Later in the hearing, Herrmann told the lawmakers, "I can't believe that anybody would intentionally mislead the FDA or anybody else regarding our products."

The daylong hearing delved into virtually every aspect of the ephedra industry, from its marketing and safety claims to the ingredients used in its products. A second hearing is scheduled for today.

The hearings come as the FDA considers whether to impose stricter regulations on ephedra products, which are largely unregulated under a 1994 law that governs dietary supplements. Some lawmakers, including Rep. Susan Davis, D-San Diego, have introduced legislation to impose controls including mandatory reporting of adverse reactions, strong warning labels and a ban on sales to minors.

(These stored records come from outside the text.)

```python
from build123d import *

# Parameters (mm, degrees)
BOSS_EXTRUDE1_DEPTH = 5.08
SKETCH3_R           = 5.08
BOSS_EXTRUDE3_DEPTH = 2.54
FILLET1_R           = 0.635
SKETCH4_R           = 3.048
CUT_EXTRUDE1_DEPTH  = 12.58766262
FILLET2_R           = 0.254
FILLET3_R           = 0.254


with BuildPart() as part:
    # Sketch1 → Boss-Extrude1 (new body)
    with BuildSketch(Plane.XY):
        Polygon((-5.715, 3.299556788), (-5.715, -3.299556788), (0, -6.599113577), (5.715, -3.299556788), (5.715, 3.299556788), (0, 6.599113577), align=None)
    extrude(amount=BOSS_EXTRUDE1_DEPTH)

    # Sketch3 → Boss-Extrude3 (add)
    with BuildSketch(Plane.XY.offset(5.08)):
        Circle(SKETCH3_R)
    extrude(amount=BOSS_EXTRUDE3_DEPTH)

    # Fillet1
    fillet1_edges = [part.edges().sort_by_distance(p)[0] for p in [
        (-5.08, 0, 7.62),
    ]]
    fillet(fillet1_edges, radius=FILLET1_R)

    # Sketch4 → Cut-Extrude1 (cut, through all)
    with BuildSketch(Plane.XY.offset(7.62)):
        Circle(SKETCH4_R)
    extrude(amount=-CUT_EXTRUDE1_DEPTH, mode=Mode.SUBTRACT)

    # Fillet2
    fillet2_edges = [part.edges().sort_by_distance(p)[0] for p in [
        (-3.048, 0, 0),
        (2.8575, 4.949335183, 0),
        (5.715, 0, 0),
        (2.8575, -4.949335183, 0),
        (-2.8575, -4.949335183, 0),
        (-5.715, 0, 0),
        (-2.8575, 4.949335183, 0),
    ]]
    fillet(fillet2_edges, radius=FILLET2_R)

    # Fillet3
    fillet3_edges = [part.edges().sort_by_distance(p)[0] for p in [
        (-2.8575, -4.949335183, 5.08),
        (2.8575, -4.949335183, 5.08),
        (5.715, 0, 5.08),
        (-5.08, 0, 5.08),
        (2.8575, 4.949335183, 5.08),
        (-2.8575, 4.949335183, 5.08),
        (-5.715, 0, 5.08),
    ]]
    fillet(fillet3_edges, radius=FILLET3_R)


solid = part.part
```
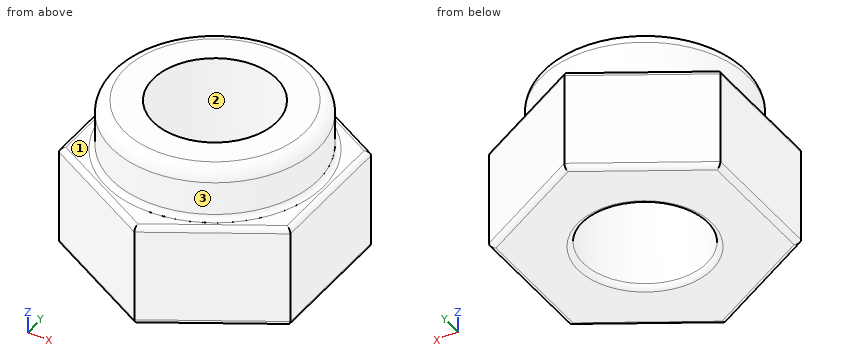
Work out the finished part from the listing and answer in its coordinate system (mm). Face numbers are marked on the shaded views. Give positions to 0.01 mm unless a question says otherwise; leave off trailing zeros. Loops run counter-clockwise (first coordinate to the right, second up) from the corner with the lowest first, then second, coordinate; pieces in that order, holes last. Notation, with made-up numbers: (24.25, 73) -> (80.25, 73) arc R14 cw to (80.25, 97) -> close; hole circle Ø9 at (0.5, 82). An arc over 180 degrees is marked (long way). One line per question, with ' | ' between items. Start each with the question number.
1) Section B-B, the plane z = 1.5 is taken. Determine the outline of the cut face in (x, y) (3 decimals).
2) Section C-C, the plane z = 6.5 is taken. Determine the outline of the cut face in (x, y).
3) Each of these flat-tipped pins is pushed along its axis until it touches: pin 1 (1.5 mm diameter, centred on x = 1.5, z = 5.5, fed in from -Y); pin 2 (2 mm diameter, centred on x = 3.5, y = 3, fed in from -Z); pin 3 (1.5 mm diameter, centred on x = 1, z = 5.5, fed in from -Y). Where does it stop, or does it pass through?
4) Section A-A, the plane y = 0 is taken. Determine the outline of the cut face in (x, z) (3 decimals).
5) Straight lines are drawn through the part: L1, parallel to Z at x = -4, y = 3.5; L2, parallel to Y at x = -2.75, z = 5.5; L3, parallel to Y at x = -0.5, z = 2.25. For each, find the intervals that lie inside material, in ascending order.
6) Determine the mould class of the marked faces 1, 2 and 3 for opening direction X: +X half, -X half, draft (parallel to the pull), parting line (faces both ways), or undercut.
Resolved:
1) outline: (-5.715, -3.3) -> (0, -6.599) -> (5.715, -3.3) -> (5.715, 3.3) -> (0, 6.599) -> (-5.715, 3.3) -> close; hole circle Ø6.096 at (0, 0)
2) outline: circle Ø10.16 at (0, 0); hole circle Ø6.1 at (0, 0)
3) pin 1: y = -5.99 | pin 2: z = 0 | pin 3: y = -6.28
4) outline: (-5.715, 0.254) arc R0.254 ccw to (-5.461, 0) -> (-3.302, 0) arc R0.254 ccw to (-3.048, 0.254) -> (-3.048, 7.62) -> (-4.445, 7.62) arc R0.635 ccw to (-5.08, 6.985) -> (-5.08, 5.334) arc R0.254 cw to (-5.334, 5.08) -> (-5.461, 5.08) arc R0.254 ccw to (-5.715, 4.826) -> close; (3.048, 0.254) arc R0.254 ccw to (3.302, 0) -> (5.461, 0) arc R0.254 ccw to (5.715, 0.254) -> (5.715, 4.826) arc R0.254 ccw to (5.461, 5.08) -> (5.334, 5.08) arc R0.254 cw to (5.08, 5.334) -> (5.08, 6.985) arc R0.635 ccw to (4.445, 7.62) -> (3.048, 7.62) -> close
5) L1: 0 to 5.08 | L2: -4.27 to -1.31, 1.31 to 4.27 | L3: -6.31 to -3.01, 3.01 to 6.31
6) face 1: draft | face 2: undercut | face 3: parting line

The February death of Baltimore Orioles pitcher Steve Bechler, whose heat stroke was linked to his use of an ephedra supplement, heightened concerns over the supplement's safety.

The parents of Bechler and high school football player Sean Riggins of Lincoln, Ill., whose 2002 heart attack death also has been linked to ephedra, urged the lawmakers to crack down on the industry.

"How many Steve Bechlers and Sean Riggins have to die to prove that these (products) are not safe?" said Pat Bechler, a picture of her 23-year-old son propped before her.

"Ephedra is dangerous; it kills, and it needs to be off the market," said Kevin Riggins, Sean's father.

While expressing sympathy for Bechler's family, the head of the New Jersey company that made the supplement Bechler took, Xenadrine RFA-1, said it "did not cause or contribute to Steve Bechler's death."

In testimony submitted to the committee, Nutraquest President Robert Chinery cited the conclusions of a medical examiner hired by the company who said Bechler's heat stroke was caused by "morbid obesity, high blood pressure and heart disease, adverse weather conditions" and other physical and medical factors.

Greenwood called the testimony "terribly misleading," saying Bechler was 10 pounds overweight.